Le Dieu désarmé

Ils sont fous, ces Romains ! C’est une phrase culte des albums d’Astérix, prononcée par Obélix, célèbre pour sa naïveté, son manque de nuance, et son jugement brut de décoffrage face aux us et coutumes étrangers à son univers.

Aujourd’hui, je me sens un peu comme Obélix quand je vois l’état de notre monde. Il suffit de remplacer Romains  par  humains : nous sommes devenus fous. (cela dit : avons -nous seulement été sages une seule fois dans l’histoire de l’humanité ?)

En attendant, cessons de vouloir expliquer le mal en opposant les bons et les méchants tout en se plaçant soi -même du bon côté ! Nous sommes tous embarqués dans le même bateau et partout sur la terre où le langage des armes, de la violence et de la domination l’emporte sur le désir de justice et de paix, c’est notre humanité commune qui régresse.

L’histoire du Déluge -inspiré d’un mythe très ancien- est éclairant : contrairement à ce qu’on pense généralement, la catastrophe n’est pas le déluge mais la violence démultipliée. Le récit s’ouvre sur un constat : il pleut des cordes d’injustice et de méchanceté sur la terre. Nen pouvant plus de ce chaos, Dieu décide d’en finir et de rayer l’humanité de la carte moyennant un vaste déluge (Gen 6). En hébreu – la langue de l’AT, déluge se dit mabboul. Ce mot est passé de l’arabe (langue très proche de l’hébreu) au français dans l’expression familière que nous lui connaissons.

Le récit biblique est d’une étonnante modernité. Je relèverai quatre points :

1)La tristesse de Dieu

Le déluge de méchanceté humaine plonge le Seigneur dans une immense tristesse (Gen 6, 6). Il est tellement affligé, nous dit-on, qu’il en arrive à regretter  d’avoir créé les humains. Voilà qui est troublant : Dieu pourrait-il revenir sur sa décision et changer d’avis ? Une vieille légende raconte que les larmes du ciel sont celles de Dieu lorsqu’il voit ce que les humains ont fait du monde.La question est dans notre camp : avons -nous affaire à un Dieu de la Nature qui menace ou à un Dieu de la grâce qui pleure avec nous ?

2) La mémoire de Dieu :
C’est parce qu’il «
se souvient de Noé » (Gen 8,6) que Dieu va mettre fin à l’inondation.Oui, Dieu intervient dans notre histoire parce qu’il ne nous oublie pas. Il fait le choix d’être un Dieu d’amour fou qui offre le salut à tous : c’est la bonne nouvelle qu’il a déposé dans le monde en nous envoyant son Fils Jésus-Christ : bonne nouvelle à ne jamais oublier– en particulier quand nous avons l’impression que notre monde s’enfonce pour toujours dans la confusion et le chaos général ! Il y a là une profonde parole d’espérance pour tous les humains qui flottent et dérivent dans leur existence sans savoir vers où tourner le regard.

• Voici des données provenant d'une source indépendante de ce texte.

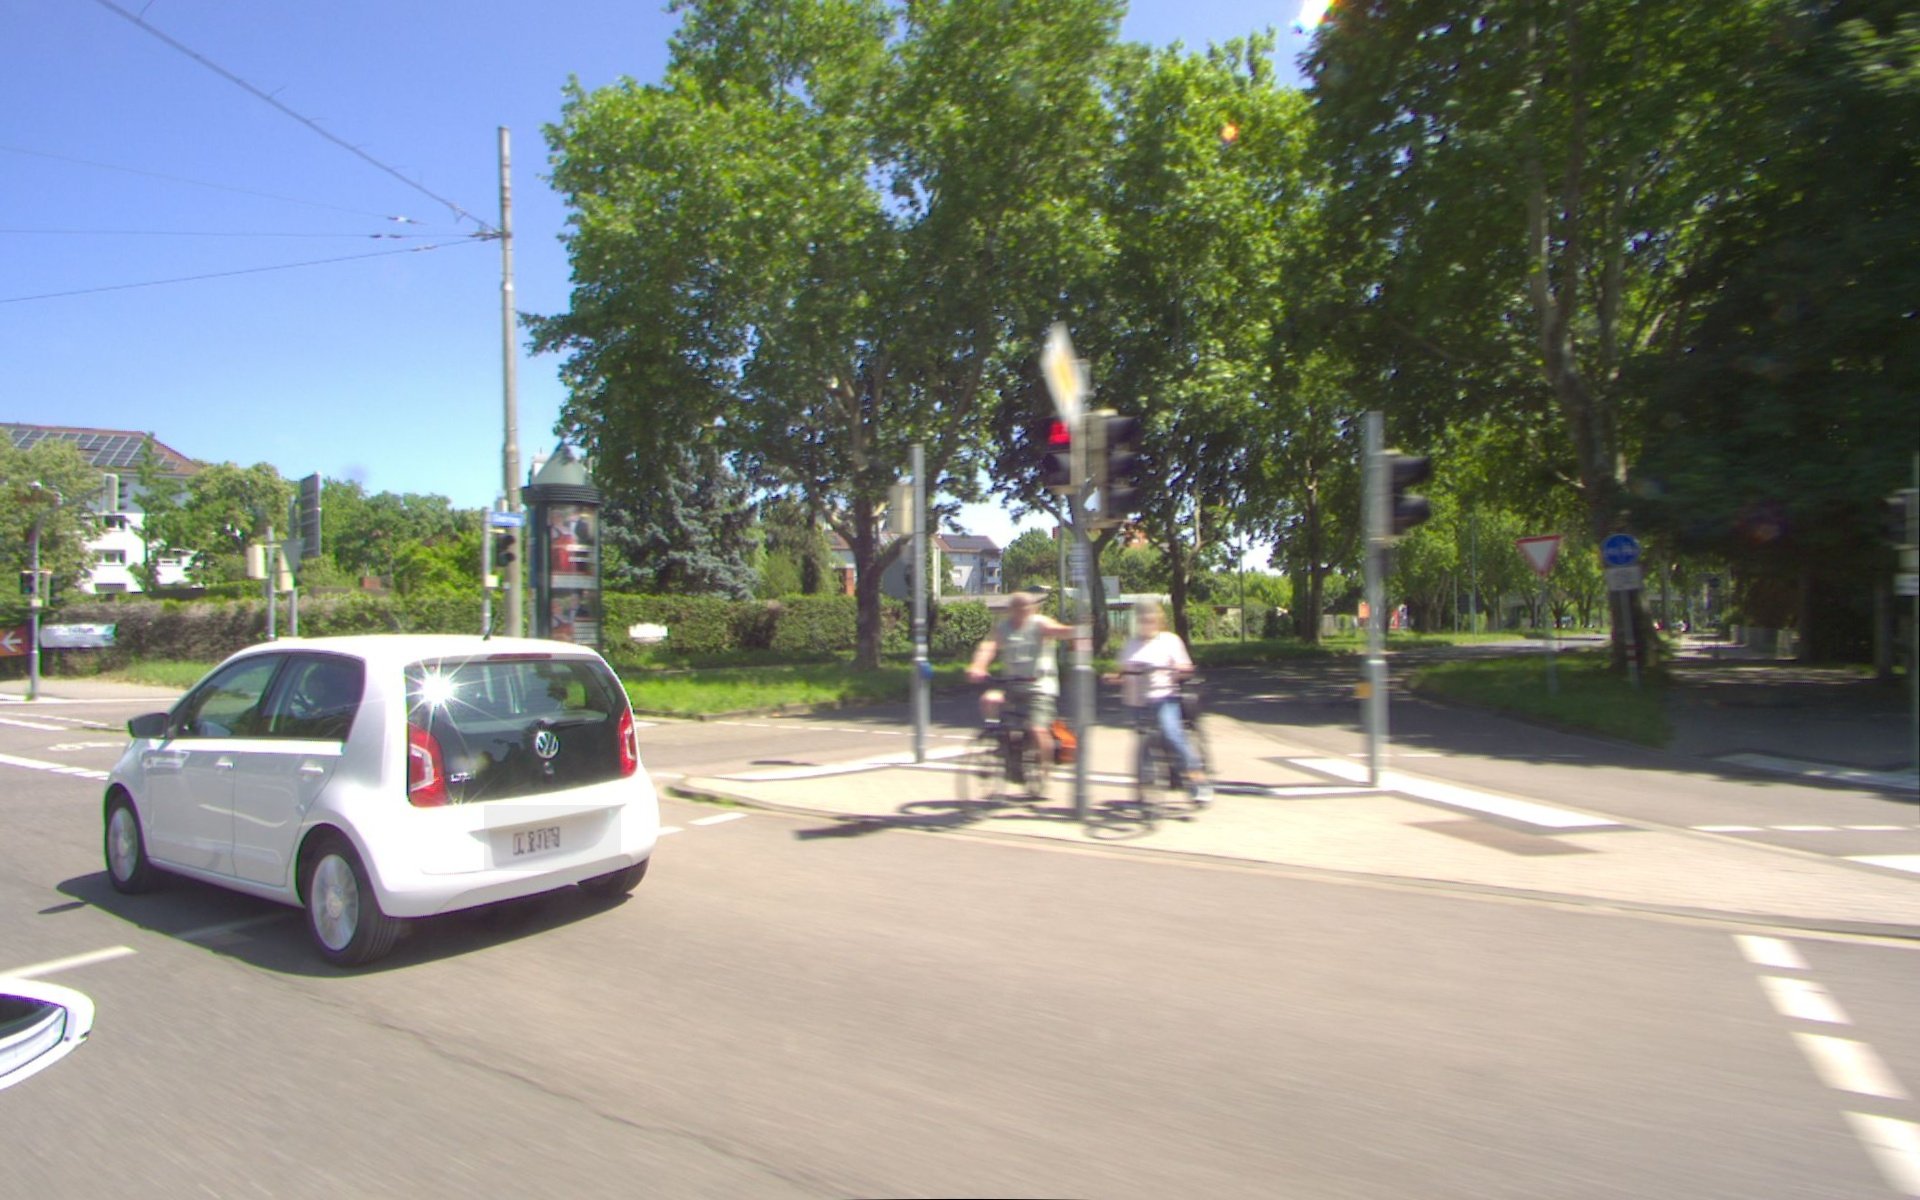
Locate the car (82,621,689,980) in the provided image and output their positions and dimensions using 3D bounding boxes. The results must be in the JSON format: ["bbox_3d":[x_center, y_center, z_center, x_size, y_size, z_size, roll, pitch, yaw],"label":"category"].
[{"bbox_3d":[-3.349,0.881,5.728,3.386,1.465,1.607,-1,-2,32],"label":"car"}]

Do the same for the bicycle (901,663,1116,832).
[{"bbox_3d":[0.460,1.145,8.379,0.883,1.174,1.944,-1,-2,36],"label":"bicycle"}]

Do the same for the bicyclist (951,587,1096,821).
[{"bbox_3d":[0.529,0.826,8.338,0.964,1.811,0.722,-1,-1,36],"label":"bicyclist"}]

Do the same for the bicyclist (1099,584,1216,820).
[{"bbox_3d":[1.605,0.803,8.149,0.759,1.810,0.574,-1,-3,40],"label":"bicyclist"}]

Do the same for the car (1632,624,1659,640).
[{"bbox_3d":[66.721,3.135,97.509,1.690,1.463,3.357,-2,-4,43],"label":"car"}]

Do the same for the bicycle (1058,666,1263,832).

Prenons donc cette Bonne nouvelle au sérieux : accueillons – là dans nos vies ;ne faisons pas de son message d’Amour un appel manqué. La mémoire vive du Seigneur est celle qui veut sauvegarder sa création en dépit de nos destructions et de nos incessantes infidélités. Notre Humanité ressemble à une Live Box dans laquelle nous flottons, secoués régulièrement par des vents contraires et des courants violents qui nous rappellent sans cesse combien nous sommes infiniment petits.

3) L’alliance
Le projet de salut de Dieu pour le monde consiste à renoncer au Mal ; à faire alliance avec toutes les créatures, animaux et plantes incluses.

A noter qu’une alliance suppose un pacte, un accord entre deux partenaires. Or, lAlliance conclue avec Noé n’a rien de tout cela : Dieu promet sans demander aucune contrepartie. Il ne dit pas à Noé :  »en échange de ce que Je fais pour toi et les tiens, tu me seras fidèle ». Non, l’alliance avec Noé est un engagement de Dieu seul. C’est lui qui promet de ne plus détruire la Terre, de ne plus lui faire de mal. L’alliance est la signature de Dieu pour signifier qu’Il ne sera plus jamais source de mal, quel que soit le mal que puissent faire les humains. Une image de sa grâce sans condition. 

4)L’arc-en-ciel

Pour signifier son alliance, Dieu choisit un signe : l’ arc-en- ciel. Ce n’est pas pour nous qu’il fait cela, raconte le récit, mais c’est « pour se souvenir » de son alliance. Comme si Dieu lui-même avait besoin de signes…comme nous. Maeis c n’est pas une fragilité, c’est une proximité. Ce Dieu qui se souvient est un Dieu qui ne s’éloigne pas, qui ne se lasse pas, qui continue d’aimer malgré tout.L’arc en ciel est le post-it de Dieu.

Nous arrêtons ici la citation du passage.